In-editor documentation
NLDSL has an included in-editor documentation to find out more about the available DSL commands. To show the documentation, select the arrow next to the code recommendation option "Help on current command".

Inspecting and exploring data

The DSL comes embedded with several functions that enable easy data table inspection. For example:

  • Describing the Pandas data frame content and printing the schema of the data frame

    describe-show-schema-pandas

  • Selecting a subset of columns and printing the first 10 rows

    selecting-head-pandas

  • Using non-trivial operations such as grouping and sorting

    grouping-sorting-pandas

Data preprocessing

The DSL also contains a set of operations for commonly used data manipulation such as the append column transformation below.

append-column-pandas

Type provider feature

NLDSL can suggest column names which are fetched from a CSV file if it has header information included. In order to use this feature, you need to set source of information for column names recommendation first.

type-provider-csv

In which:

  • name: the name of the dataframe, this should be consistent with the name of the dataframe in the code
  • type: the type of the data file. Currently, we only support CSV files
  • path: the path to the data file

After setting the source information, NLDSL can now suggest column names of the defined dataframe. E.g. selecting column 'Province/State' of dataframe 'data'

type-completion-csv

Synchronization feature

Regardless of the programming language used, DSL lines are comments that are not executed. The translation of DSL lines, the code lines are executed. These lines can be edited independently and thus cause them to be out of synchronization. They are out of synchronization if the translation of the DSL line doesn't match the following code line. We will mark out of synchronization lines as warnings in VS Code.

Most of the generated TensorFlow and PyTorch code will be shown as "out of sync" at the moment because of the missing feature to check multiple lines of code for a DSL line. This will be added in later versions.

sync-indicator

Extending the DSL via internal functions

Internal functions are customized DSL commands created by parametrized chains of DSL operations are defined using the prefix #$

The following command creates a new DSL rule called div columns, that receives two data frame columns and performs their division, assigning the result to a specified column ($res).

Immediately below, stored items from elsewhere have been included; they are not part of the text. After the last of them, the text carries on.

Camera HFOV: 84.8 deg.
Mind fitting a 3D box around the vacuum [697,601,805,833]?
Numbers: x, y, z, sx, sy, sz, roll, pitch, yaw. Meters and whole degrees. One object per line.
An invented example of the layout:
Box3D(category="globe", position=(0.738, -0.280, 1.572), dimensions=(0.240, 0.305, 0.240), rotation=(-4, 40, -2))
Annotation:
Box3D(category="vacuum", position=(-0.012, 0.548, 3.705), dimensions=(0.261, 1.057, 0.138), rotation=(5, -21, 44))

This implementation is based on the already supported append column operation.

define-div-column

Soon after defining the internal function, the language server can already recommend the div columns operation as one of the DSL code recommendations.

using-div-column-gif

The div columns is ready to be used and generates the following code

using-div-column-jpg

Creating a new DSL

For an in-depth explanation of this feature, visit the DSL documentation.

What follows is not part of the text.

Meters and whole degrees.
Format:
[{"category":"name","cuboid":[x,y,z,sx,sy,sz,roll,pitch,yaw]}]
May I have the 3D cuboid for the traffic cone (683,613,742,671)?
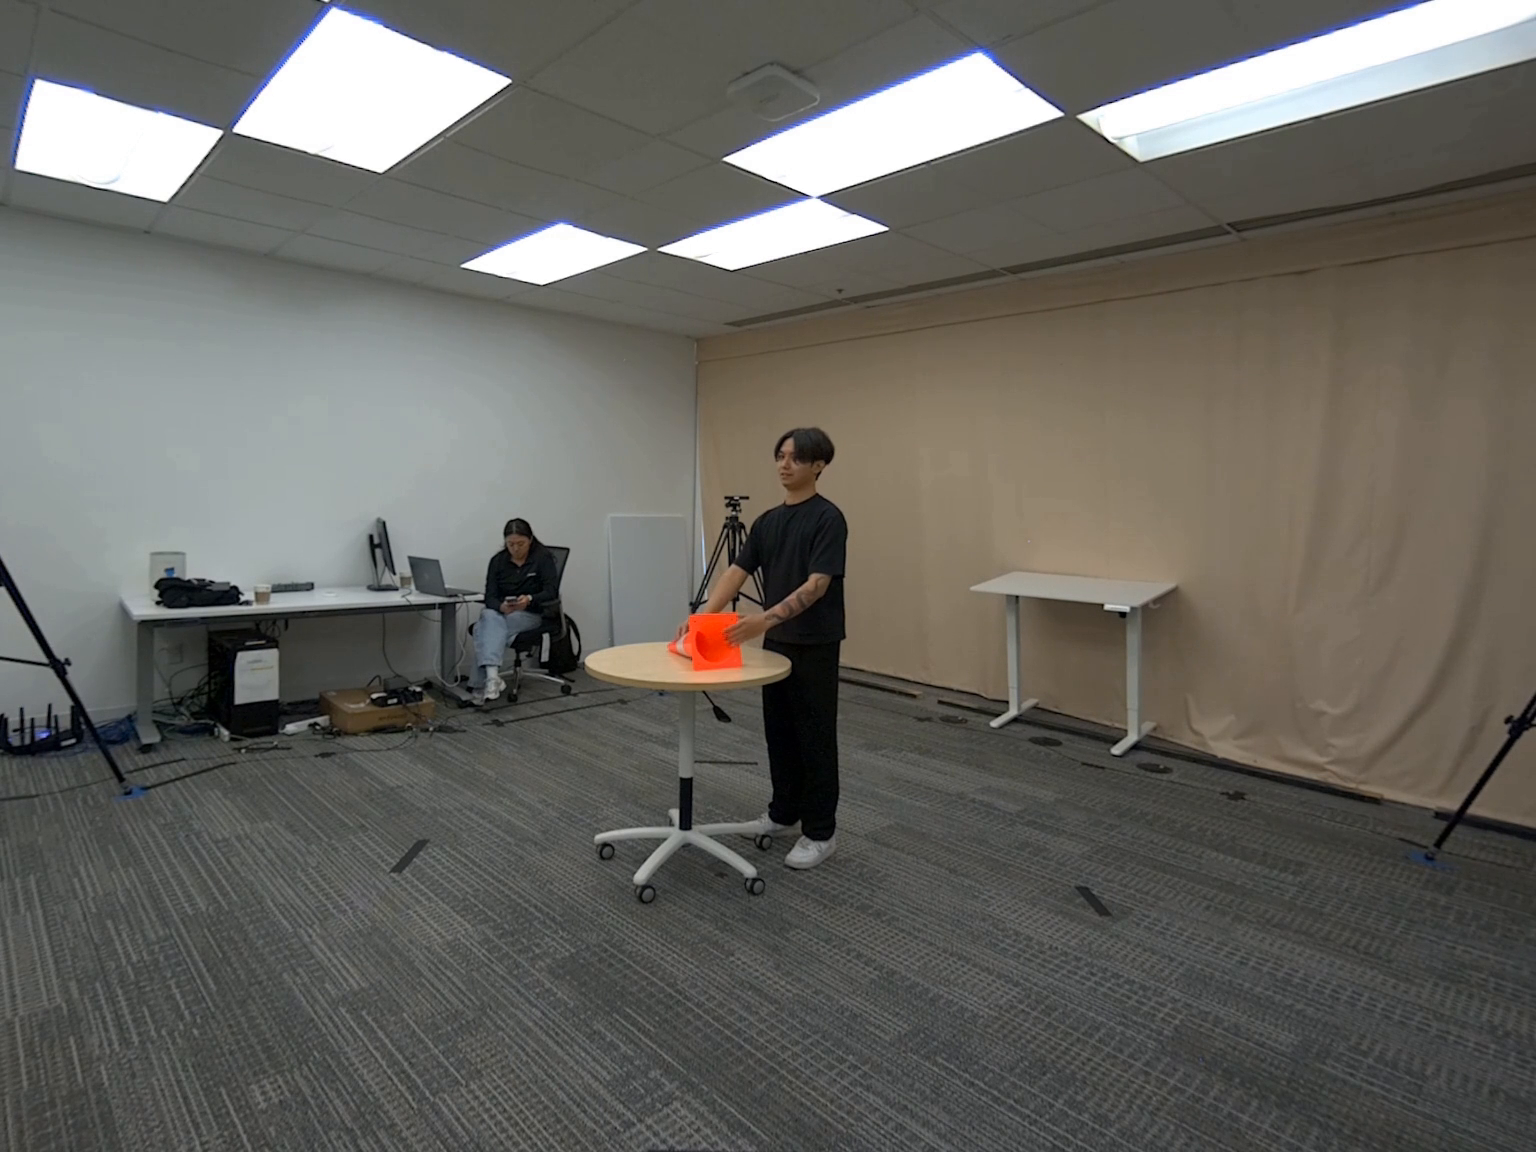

It is possible, in an easy way, to create a new DSL with the wizard of the NLDSL extension. The definition of the DSL is done through an Excel sheet/tx file.

The wizard window is also the place to remove DSLs. You simply right-click the DSL you want to remove and select Remove in the context menu.

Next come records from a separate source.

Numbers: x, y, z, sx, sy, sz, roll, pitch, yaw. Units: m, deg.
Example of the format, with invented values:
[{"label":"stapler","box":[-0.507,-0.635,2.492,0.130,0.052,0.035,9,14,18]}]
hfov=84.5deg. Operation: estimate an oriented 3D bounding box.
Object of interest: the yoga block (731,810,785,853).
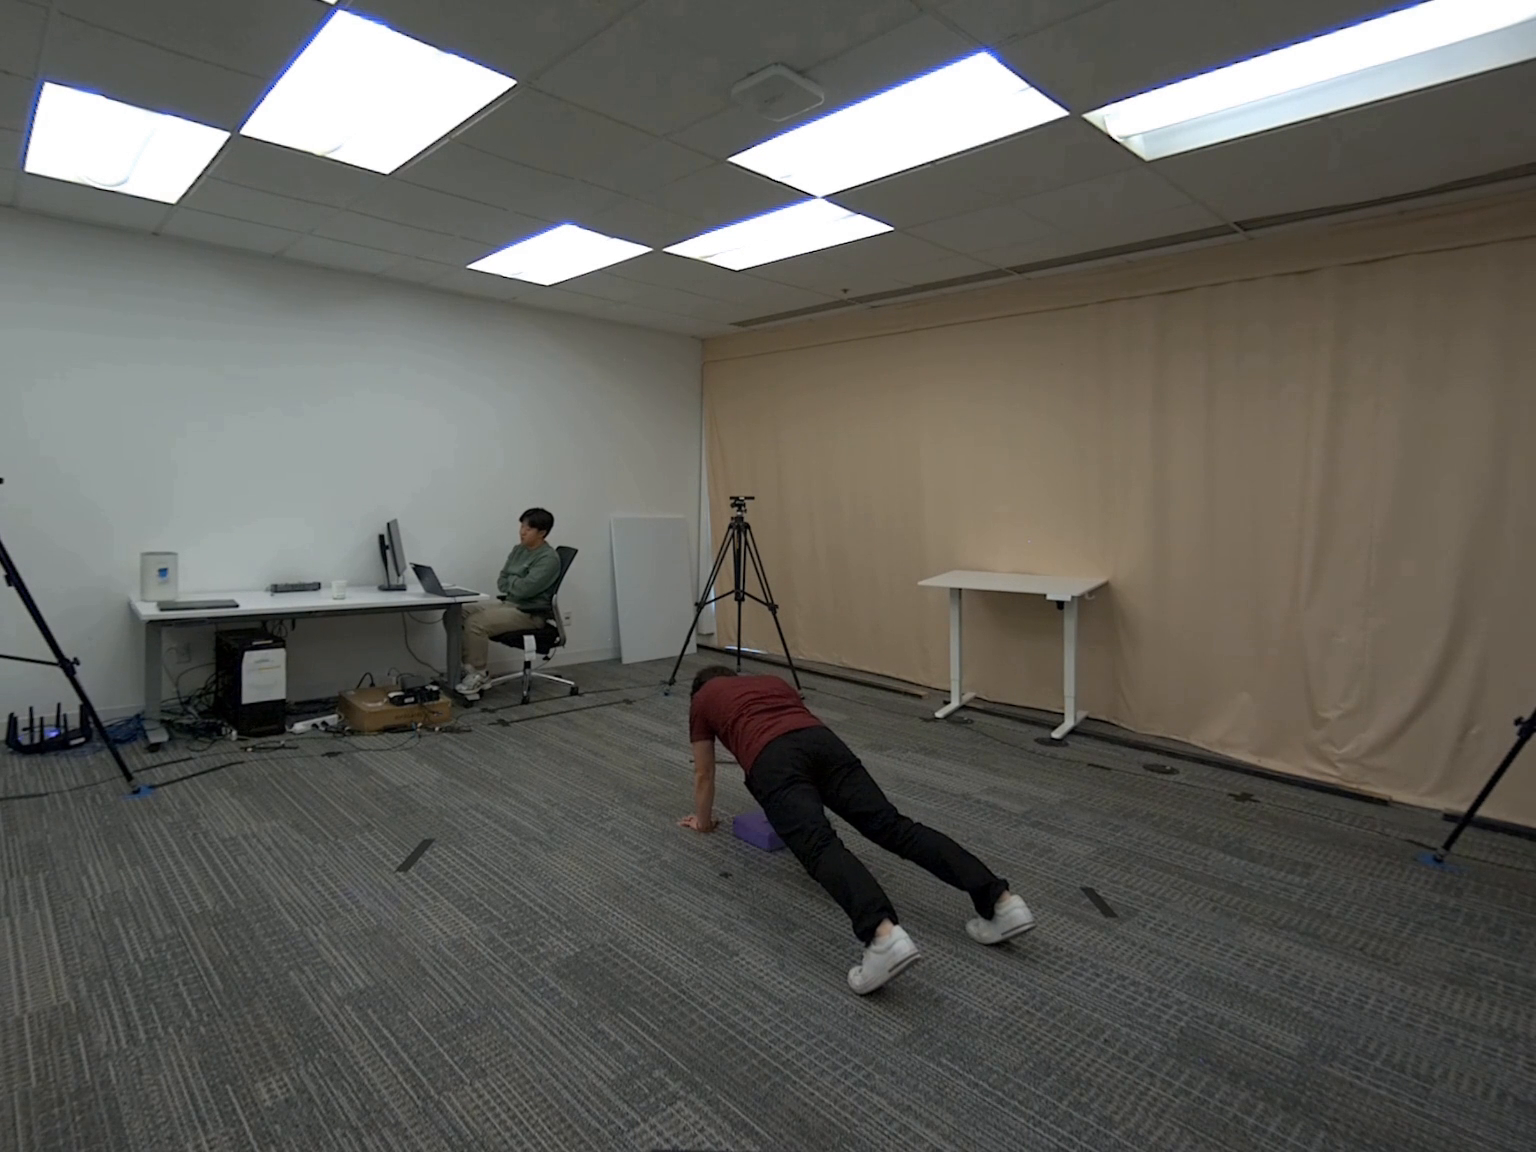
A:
[{"label":"yoga block","box":[-0.030,1.037,3.429,0.145,0.076,0.235,-3,6,-43]}]

How to use a DSL definition
To use a DSL definition, open the NLDSL menu from the sidebar and click on Add DSL from wizard.

In the next step, select create DSL from the command menu.

Now follow the wizard and first enter the path to the xlsx or tx file of your DSL definition. After that, specify an output folder in which the DSL you create will be saved. The name of the output folder is the DSL name which will be used internally in the NLDSL extension. Now wait until you get a notification that the created DSL was imported successfully and restart VSCode in order to use the DSL.

After the restart, you can see that your DSL was imported when you open the NLDSL menu in the side panel. Your newly created DSL should be shown in the list now.

Note: When you re-add a DSL to the same output folder (e.g. after modifying the Excel or tx file), the previously generated files of the DSL will be overridden

Use the new DSL

Open a source file and use the target code recommendation feature. Now you can see your new DSL in the target code recommendations list.

After setting the target code to your new DSL, you can use it as any other already existing DSL.